WHAT YOU HAVE TO DO = Could you write out, exactly as they stand, only the lines in the listing below from the line with "Output: comma-separated values" to the line with "9) sandal <box>288,171,354,305</box>", both ends included, without the pictures?

RECORDS SHOWN =
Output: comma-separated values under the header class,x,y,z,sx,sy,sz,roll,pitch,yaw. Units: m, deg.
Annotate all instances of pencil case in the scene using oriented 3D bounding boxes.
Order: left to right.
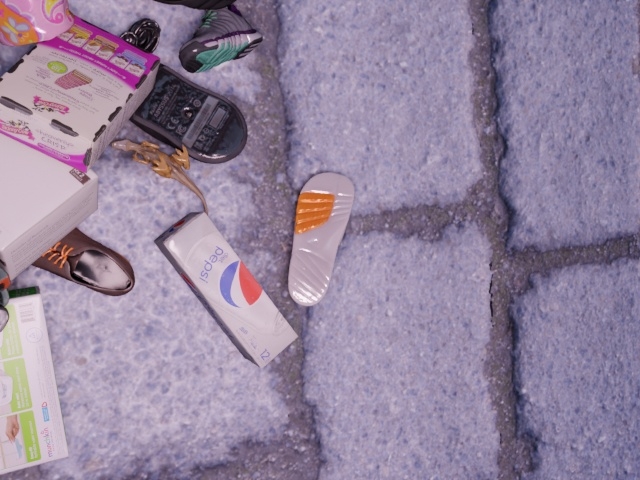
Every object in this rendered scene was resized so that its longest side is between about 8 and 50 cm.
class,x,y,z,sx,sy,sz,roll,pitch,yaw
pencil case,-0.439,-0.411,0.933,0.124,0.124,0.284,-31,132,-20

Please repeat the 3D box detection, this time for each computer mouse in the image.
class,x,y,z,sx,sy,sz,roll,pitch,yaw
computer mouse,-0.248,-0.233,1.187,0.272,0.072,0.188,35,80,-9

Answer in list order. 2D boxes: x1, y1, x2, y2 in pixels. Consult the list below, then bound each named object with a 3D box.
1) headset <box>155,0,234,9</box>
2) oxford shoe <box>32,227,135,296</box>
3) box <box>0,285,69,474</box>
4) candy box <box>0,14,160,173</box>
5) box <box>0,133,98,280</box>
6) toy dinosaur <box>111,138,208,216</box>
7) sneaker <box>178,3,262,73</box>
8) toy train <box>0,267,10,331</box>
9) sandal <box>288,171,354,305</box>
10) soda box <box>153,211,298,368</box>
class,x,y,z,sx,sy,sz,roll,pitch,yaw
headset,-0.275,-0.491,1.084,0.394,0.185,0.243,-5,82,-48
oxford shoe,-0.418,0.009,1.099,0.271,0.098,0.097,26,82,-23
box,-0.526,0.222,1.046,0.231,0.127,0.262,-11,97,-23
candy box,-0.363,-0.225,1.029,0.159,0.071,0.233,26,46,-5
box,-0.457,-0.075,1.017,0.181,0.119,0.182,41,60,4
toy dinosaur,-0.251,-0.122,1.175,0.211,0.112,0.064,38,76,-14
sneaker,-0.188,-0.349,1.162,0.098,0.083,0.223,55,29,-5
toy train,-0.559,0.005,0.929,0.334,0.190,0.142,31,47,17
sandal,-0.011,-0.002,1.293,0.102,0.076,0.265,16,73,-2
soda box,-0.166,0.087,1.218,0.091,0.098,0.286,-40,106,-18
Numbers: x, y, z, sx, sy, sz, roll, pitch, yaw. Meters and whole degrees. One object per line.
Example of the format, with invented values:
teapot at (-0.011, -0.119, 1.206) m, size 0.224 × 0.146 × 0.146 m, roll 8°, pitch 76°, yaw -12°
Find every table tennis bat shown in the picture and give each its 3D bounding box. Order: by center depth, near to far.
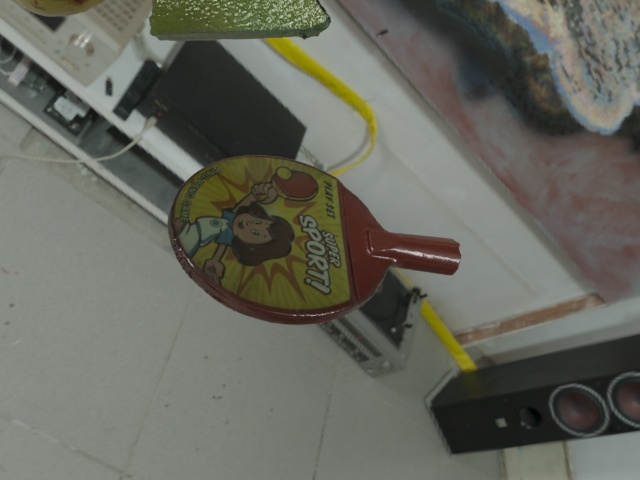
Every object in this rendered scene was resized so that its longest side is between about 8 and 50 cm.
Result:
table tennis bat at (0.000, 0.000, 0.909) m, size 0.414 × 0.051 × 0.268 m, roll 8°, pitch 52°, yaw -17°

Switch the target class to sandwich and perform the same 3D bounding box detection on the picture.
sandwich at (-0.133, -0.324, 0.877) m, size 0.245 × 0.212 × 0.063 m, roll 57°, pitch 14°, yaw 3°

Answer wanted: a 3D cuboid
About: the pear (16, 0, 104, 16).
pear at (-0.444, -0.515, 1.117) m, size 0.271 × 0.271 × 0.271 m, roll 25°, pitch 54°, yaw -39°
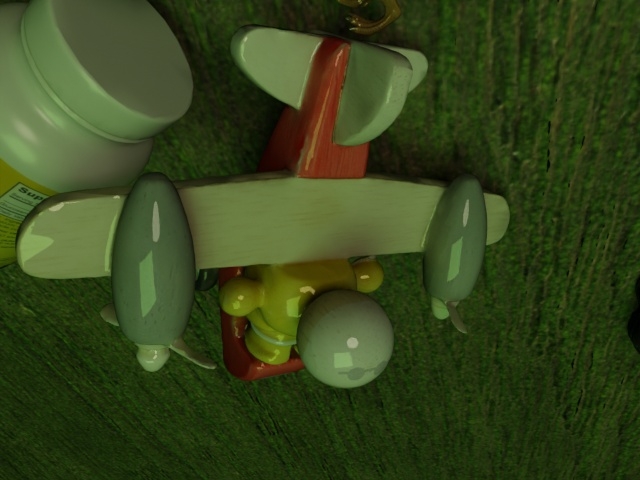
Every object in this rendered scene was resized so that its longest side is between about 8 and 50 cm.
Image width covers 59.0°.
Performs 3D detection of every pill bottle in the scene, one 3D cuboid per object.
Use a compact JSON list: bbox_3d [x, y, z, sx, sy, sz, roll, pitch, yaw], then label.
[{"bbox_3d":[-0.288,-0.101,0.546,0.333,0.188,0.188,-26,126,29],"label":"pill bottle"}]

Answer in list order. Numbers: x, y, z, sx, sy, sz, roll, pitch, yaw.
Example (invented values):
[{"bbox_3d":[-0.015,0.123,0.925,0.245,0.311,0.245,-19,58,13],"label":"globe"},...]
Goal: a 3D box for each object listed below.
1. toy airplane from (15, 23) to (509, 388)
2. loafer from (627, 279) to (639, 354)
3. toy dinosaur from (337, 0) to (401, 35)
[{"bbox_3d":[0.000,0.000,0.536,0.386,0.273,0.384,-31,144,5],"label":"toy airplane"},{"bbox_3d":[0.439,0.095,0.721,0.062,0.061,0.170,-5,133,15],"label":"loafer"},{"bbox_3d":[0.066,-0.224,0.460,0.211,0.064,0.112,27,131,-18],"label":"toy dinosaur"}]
==
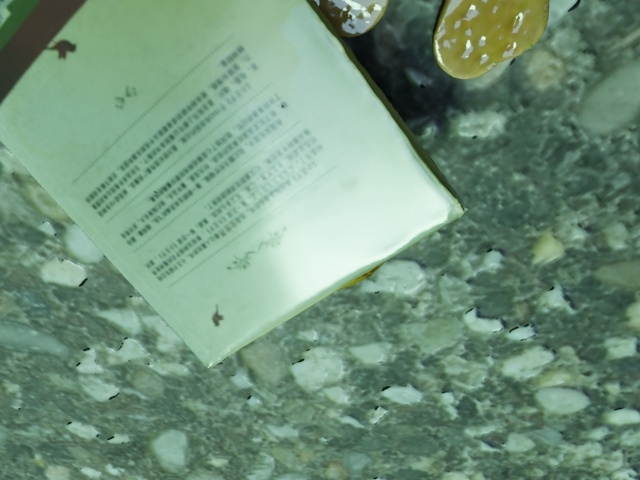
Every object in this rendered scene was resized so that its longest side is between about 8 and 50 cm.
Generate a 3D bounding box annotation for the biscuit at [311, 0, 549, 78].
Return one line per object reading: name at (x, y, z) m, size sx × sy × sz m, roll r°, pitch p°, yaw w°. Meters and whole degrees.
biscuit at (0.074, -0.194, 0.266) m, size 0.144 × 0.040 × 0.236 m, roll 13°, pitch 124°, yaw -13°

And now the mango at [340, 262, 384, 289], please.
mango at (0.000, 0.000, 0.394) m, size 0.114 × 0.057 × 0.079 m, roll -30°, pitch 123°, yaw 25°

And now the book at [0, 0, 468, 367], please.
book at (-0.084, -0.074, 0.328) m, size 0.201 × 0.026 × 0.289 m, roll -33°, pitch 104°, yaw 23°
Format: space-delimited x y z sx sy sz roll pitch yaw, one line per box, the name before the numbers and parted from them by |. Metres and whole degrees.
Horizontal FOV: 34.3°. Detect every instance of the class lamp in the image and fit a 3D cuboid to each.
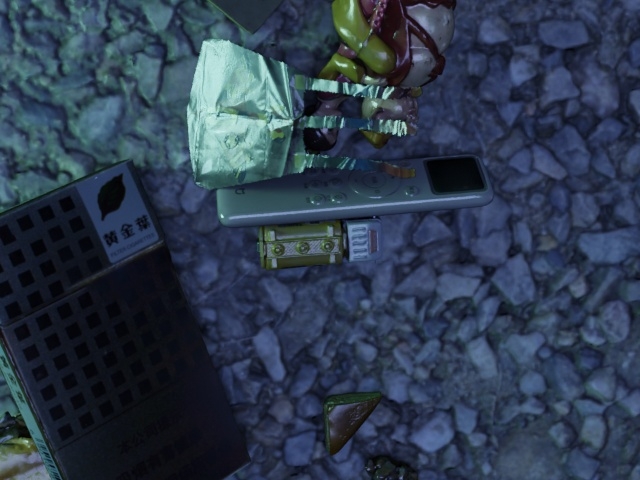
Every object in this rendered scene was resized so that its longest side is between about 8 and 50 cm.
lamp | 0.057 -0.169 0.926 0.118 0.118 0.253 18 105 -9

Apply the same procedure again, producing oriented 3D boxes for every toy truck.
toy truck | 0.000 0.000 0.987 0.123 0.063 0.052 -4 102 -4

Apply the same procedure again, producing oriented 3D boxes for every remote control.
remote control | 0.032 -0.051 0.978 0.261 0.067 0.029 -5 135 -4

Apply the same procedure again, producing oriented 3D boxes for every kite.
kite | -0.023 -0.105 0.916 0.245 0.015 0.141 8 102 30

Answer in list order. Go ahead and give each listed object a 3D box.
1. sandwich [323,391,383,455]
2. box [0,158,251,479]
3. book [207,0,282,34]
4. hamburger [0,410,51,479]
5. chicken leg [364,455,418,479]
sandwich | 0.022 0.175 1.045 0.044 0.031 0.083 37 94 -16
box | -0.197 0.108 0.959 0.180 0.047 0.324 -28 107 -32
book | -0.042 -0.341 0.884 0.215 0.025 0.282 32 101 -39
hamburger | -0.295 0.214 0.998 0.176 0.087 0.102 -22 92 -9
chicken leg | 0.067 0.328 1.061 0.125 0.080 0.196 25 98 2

RESULT FOR THIS TASK =
Output: comma-separated values under the header class,x,y,z,sx,sy,sz,roll,pitch,yaw. Units: m, deg.
Annotate all instances of pencil case in the scene using oriented 3D bounding boxes.
Order: left to right.
Every object in this rendered scene was resized so that its longest side is between about 8 and 50 cm.
class,x,y,z,sx,sy,sz,roll,pitch,yaw
pencil case,-0.439,-0.411,0.933,0.124,0.124,0.284,-31,132,-20

Please repeat the 3D box detection, this time for each computer mouse in the image.
class,x,y,z,sx,sy,sz,roll,pitch,yaw
computer mouse,-0.248,-0.233,1.187,0.272,0.072,0.188,35,80,-9

Answer in list order. 2D boxes: x1, y1, x2, y2 in pixels. Consult the list below, then bound each named object with a 3D box.
1) headset <box>155,0,234,9</box>
2) oxford shoe <box>32,227,135,296</box>
3) box <box>0,285,69,474</box>
4) candy box <box>0,14,160,173</box>
5) box <box>0,133,98,280</box>
6) toy dinosaur <box>111,138,208,216</box>
7) sneaker <box>178,3,262,73</box>
8) toy train <box>0,267,10,331</box>
9) sandal <box>288,171,354,305</box>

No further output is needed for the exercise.